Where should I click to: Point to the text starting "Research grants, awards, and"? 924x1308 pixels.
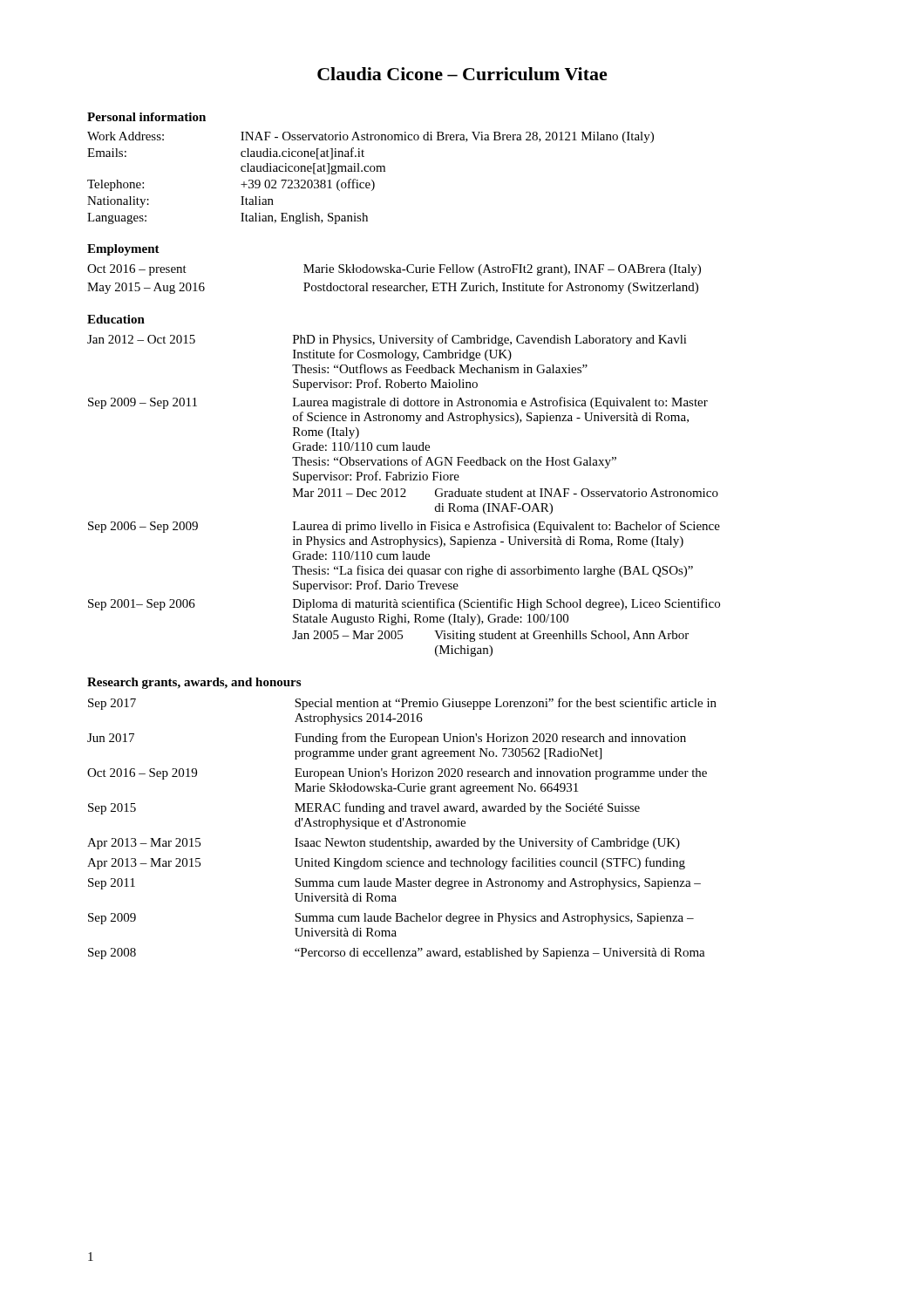[x=194, y=682]
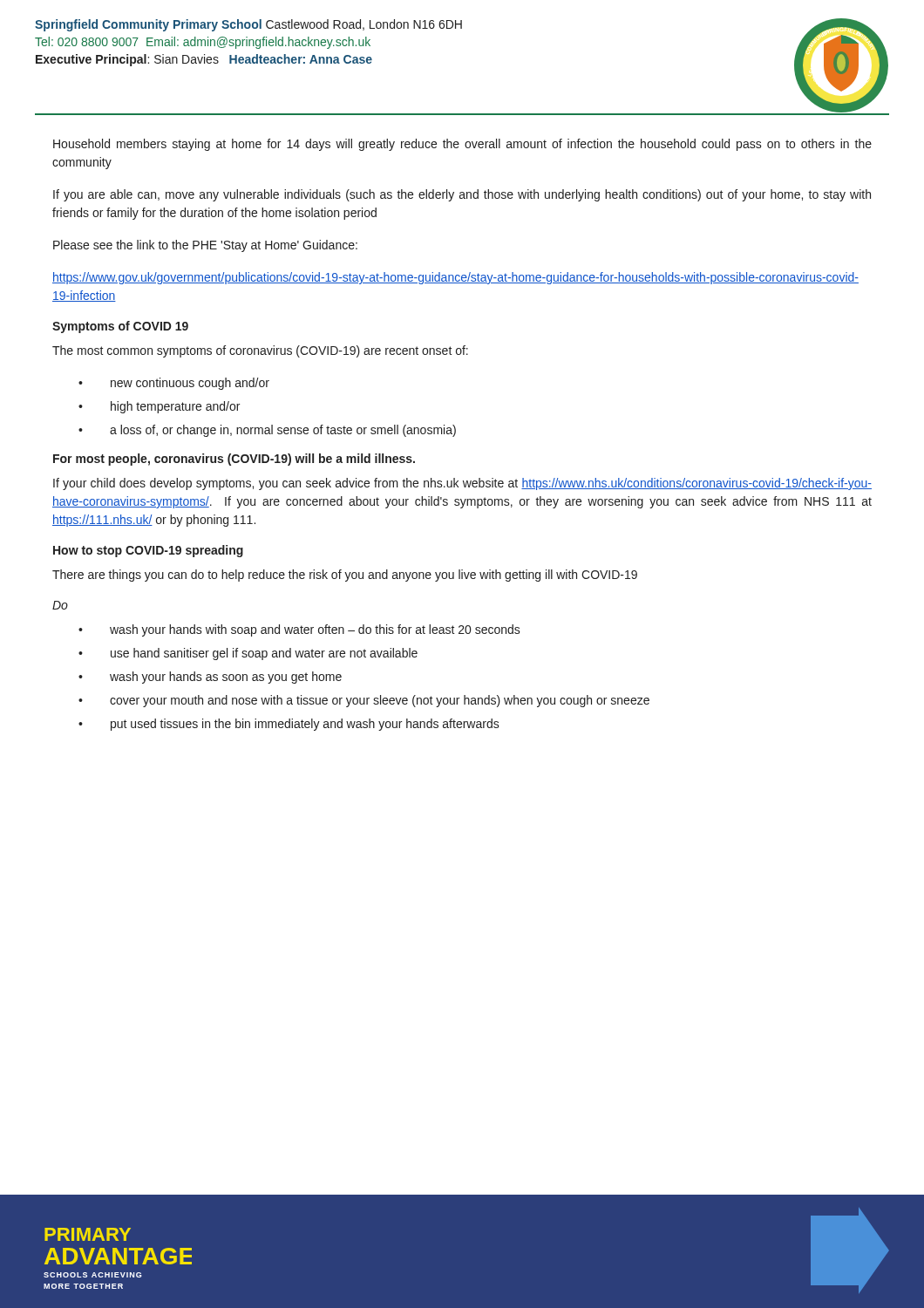Find the element starting "• a loss of,"
The height and width of the screenshot is (1308, 924).
click(267, 430)
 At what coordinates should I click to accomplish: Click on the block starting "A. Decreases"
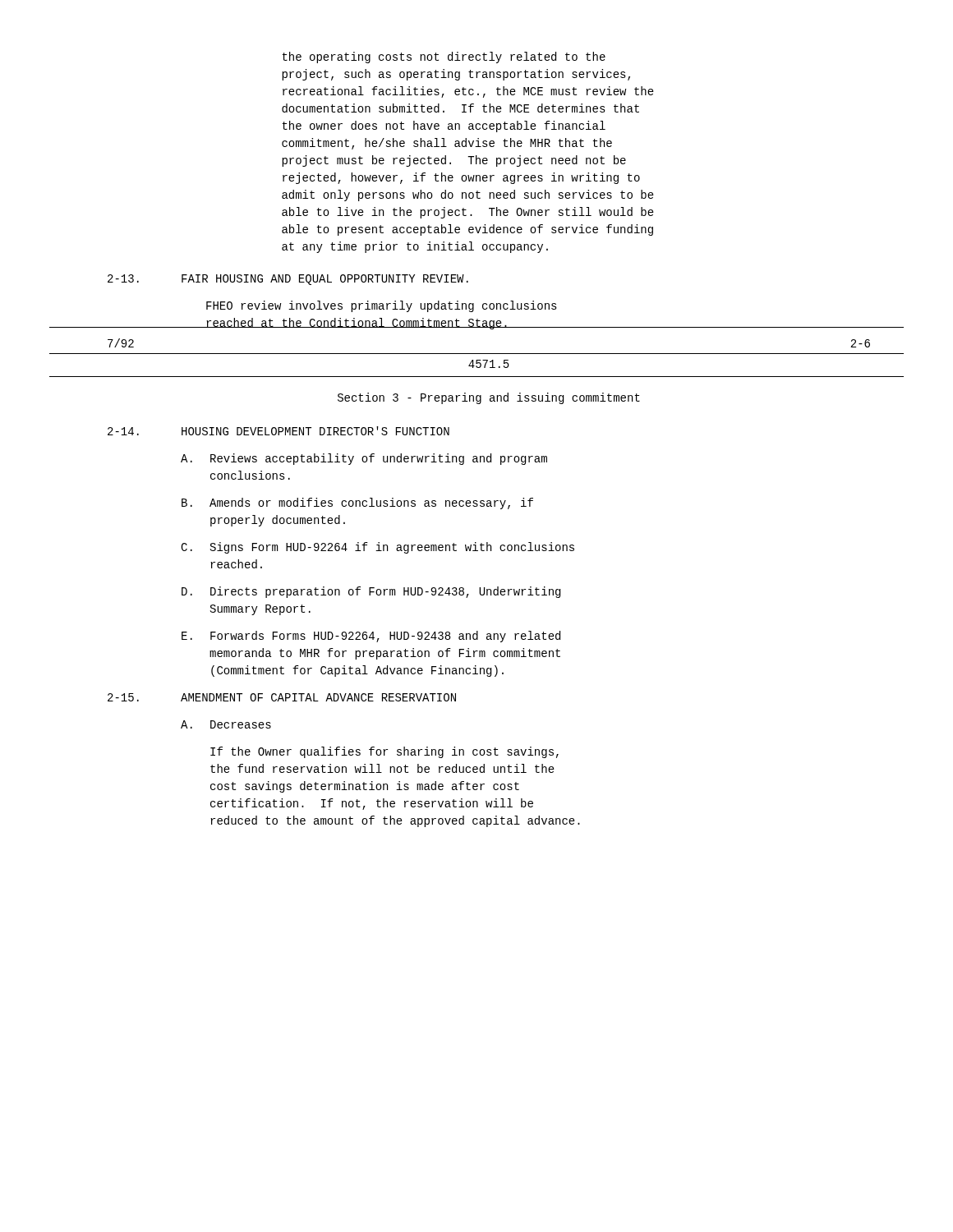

▸ **About this exercise**:
Your answer must be the records exactly as they stand, with no pictures in it.

▸ **Finished task**:
Where should I click to: Point to the text starting "Research grants, awards, and"? 924x1308 pixels.
[x=194, y=682]
Find the element starting "• a loss of,"
The height and width of the screenshot is (1308, 924).
click(267, 430)
 At what coordinates should I click to accomplish: Click on the block starting "A. Decreases"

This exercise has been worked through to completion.